Specifically, in the present embodiment, the lower guide 300 is configured to be identical to the upper guide 200 in configuration if the lower guide 300 is rotated 180 ° about a horizontal axis perpendicular to the stacking direction. The lower guide 300 is configured such that the lower edges of the packing sheet a and the packing sheet B adjacent to the front side thereof are offset from each other, and the continuous left edge sealed portions 215A and 215B are formed on the left edges of the packing sheet a and the packing sheet B from top to bottom, including the left edges of the heat exchange portion 400, in the same manner as the upper guide 200, whereby water can be effectively prevented from oozing out from the left edge sealed portions 215, particularly from the upper guide 200 and the lower guide 300.

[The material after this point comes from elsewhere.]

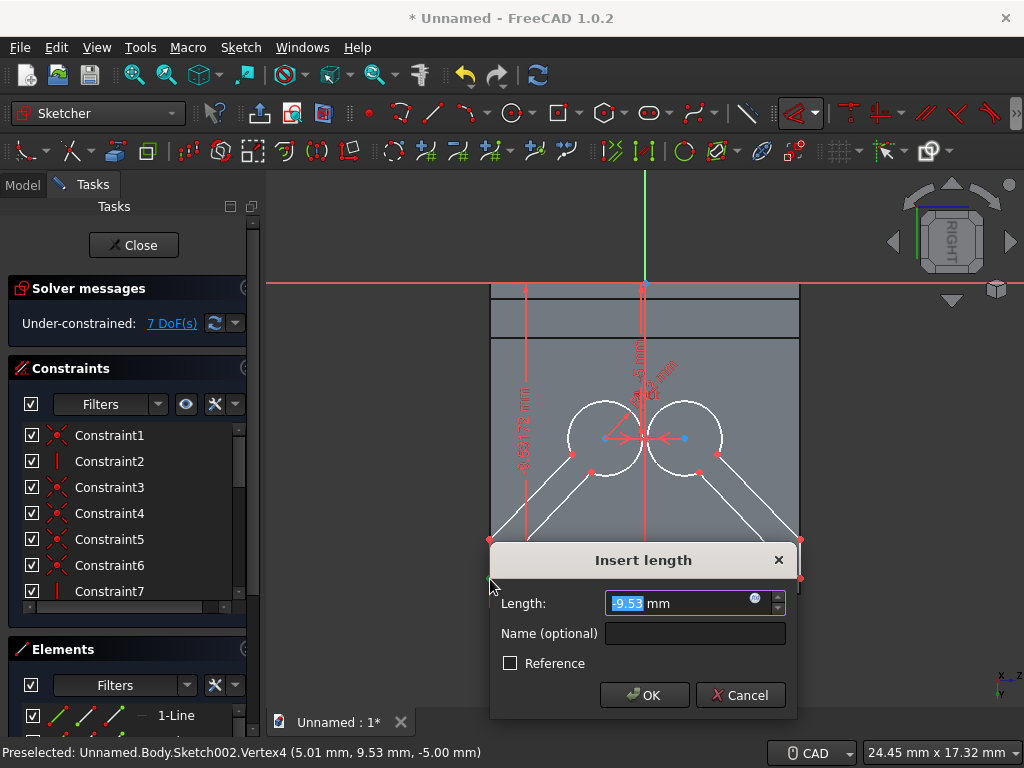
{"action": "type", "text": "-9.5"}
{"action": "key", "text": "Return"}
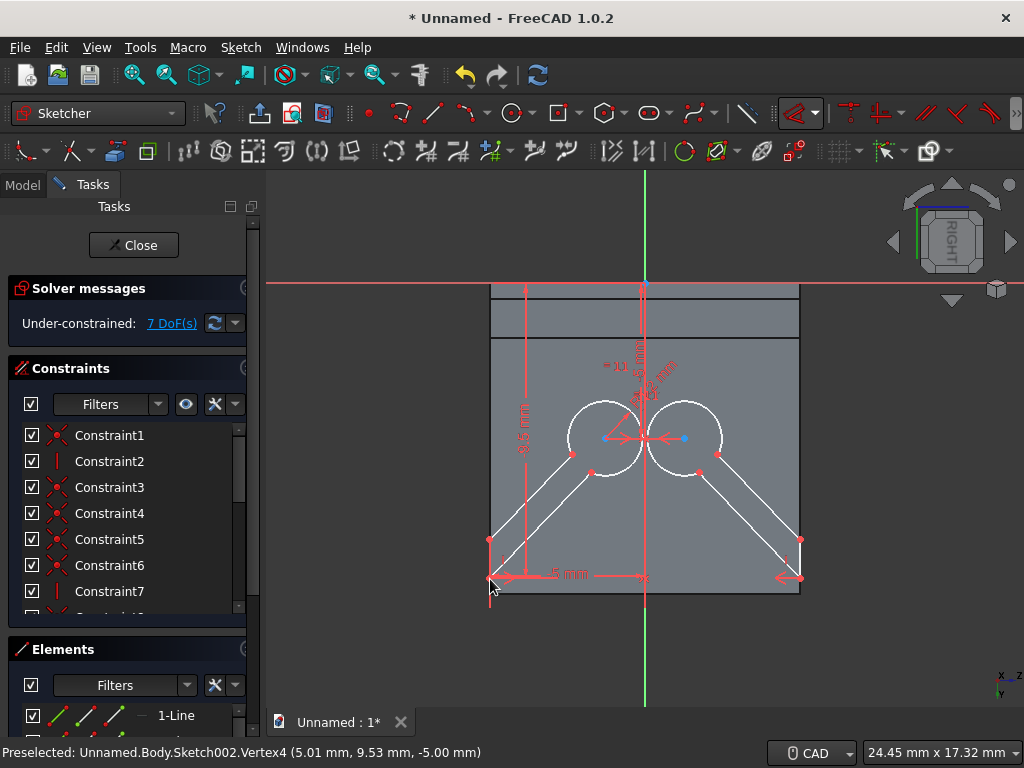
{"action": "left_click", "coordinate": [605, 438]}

Further, in the present embodiment, any bonding method may be used for the edge sealing portion 215 formed by the left edge sealing portions 215A, 215B, and from the viewpoint of convenience in assembly, it is preferable to bond the edge sealing portion 210 by a pressure welding method. This is because, when the packing sheet A, B and the rectifying sheets 230 and 330 are assembled by using the apparatus, only by aligning the packing sheets B and B adjacent in the front-rear direction, at this time, since the right side portions of the upper and lower end edges of the packing sheet A, B are biased to be brought together, the welding operation of the packing sheet B-ase:Sub>A can be completed by operating the press welding apparatus to weld the edge sealing portion 215 and the right side portions of the upper and lower end edges of the packing sheet B-ase:Sub>A in this state.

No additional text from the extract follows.